I wanted to replace the doors last summer, but before I knew it, it was the height of mosquito season. I didn’t want to be doorless for an entire day with bugs streaming into the house. A couple weeks ago, I priced things out and called my dad, since he’s offered to use his know-how to install the new doors while teaching me how to do it.

Saturday, he came over to take detailed measurements. My initial measurements had indicated that the door wasn’t a standard size, but I obviously wanted verification before I actually bought one – especially if it ended up being a special order. Dad confirmed my fears – the door I need is a 30″ by 80″ door to fit my 32.25″ by 82″ opening. We talked about enlarging the opening, but the framing around the opening is in really good shape, and we shouldn’t disturb it if we don’t really have to. Plus, with aluminum siding, we don’t want to create an opening that would then entail needing replacement siding. Ugh. Occam – keep it simple.

So we went off to Menard’s, Mom and sister in tow.
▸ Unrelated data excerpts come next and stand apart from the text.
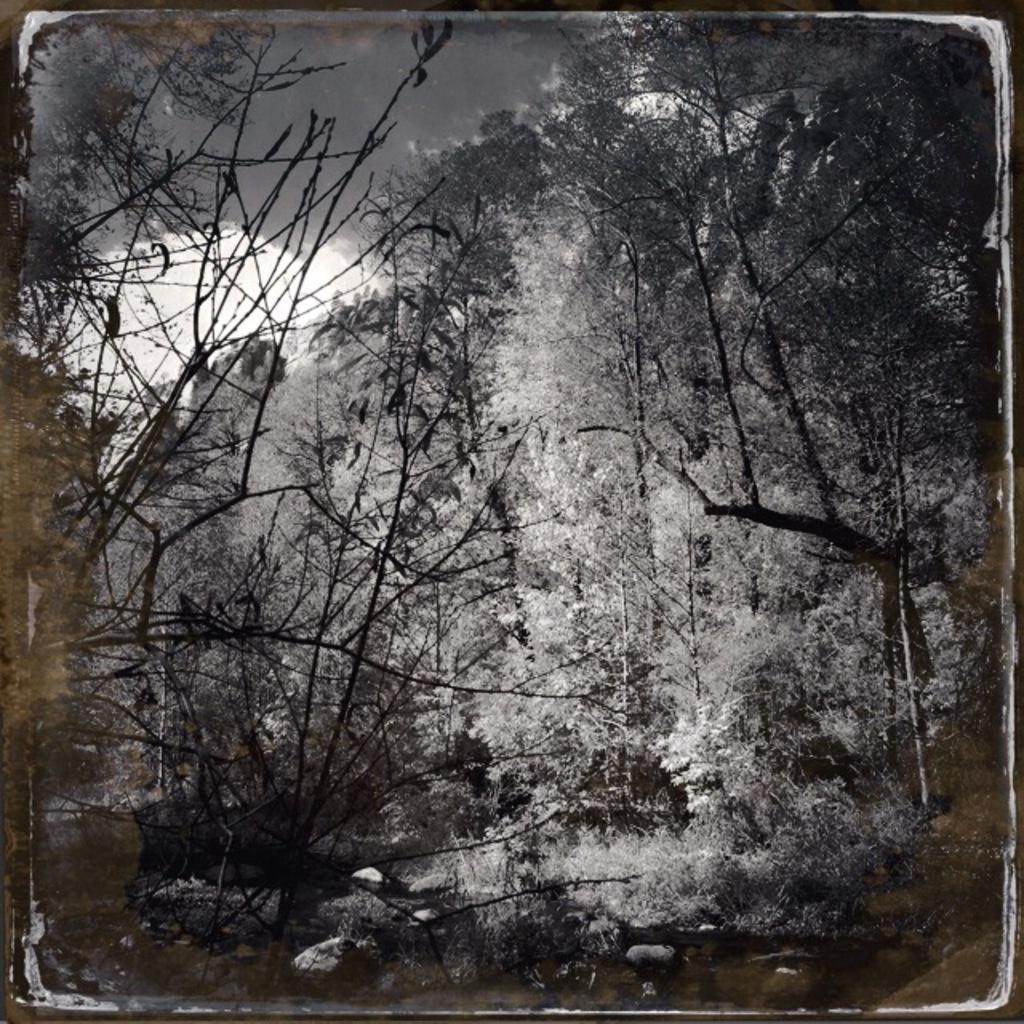Could you give a brief overview of what you see in this image? This is black and white picture where we can see trees and plants. Top of the image cloud is there. 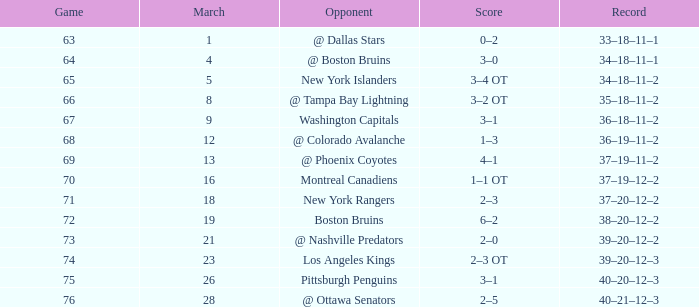Which Game is the highest one that has Points smaller than 92, and a Score of 1–3? 68.0. 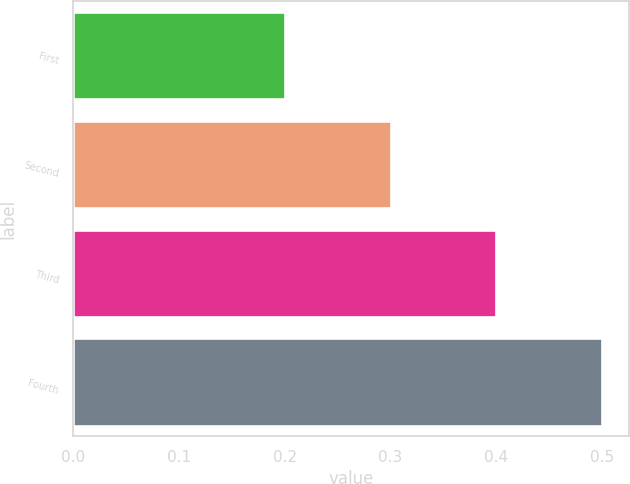Convert chart. <chart><loc_0><loc_0><loc_500><loc_500><bar_chart><fcel>First<fcel>Second<fcel>Third<fcel>Fourth<nl><fcel>0.2<fcel>0.3<fcel>0.4<fcel>0.5<nl></chart>

After finding the doors I had previously picked out, we looked at the specs. Yep, the size I needed would have to be special ordered. The Menard’s guy spent some time with his online catalog, adjusting options (kickplate? mail slot? what kind of hinges?) to come up with a quote. The door will likely run about $230 for a steel door with a half-light window with grills – essentially replacing the style already there. The corresponding storm/screen – with the retracting screen – will likely be more, closer to $270.

The narrow size really limits my option. It appears – at Menard’s, at least, I’m limited to steel. While steel is definitely better than the ancient wood I currently have, it is prone to dings and dents, which worries me. This door is pretty high traffic, and though I may start off being careful, six months from now when I’m struggling in out of the cold with eight bags of groceries, I may end up doing some damage. It appears fiberglass is a bit more durable – and expensive – but I don’t even have that option. I’m going to further investigate my options at Lowe’s and Home Depot to see what else I can do.

It just goes to show how home design has evolved. The back hallway part of my house isn’t original – it was added on at some point – but I’m sure 30″ was pretty standard for a door width then. Now, the standards seem to be 32″ or 36″. It’s like subway seats – as Americans have gotten larger, so have doors and seats – though airline seats have only shrunk.

I have one even smaller door in the house. The door to my downstairs half bath – which I think used to be a pantry – is a paltry 24″ inches wide. It’s pretty claustrophobic in there.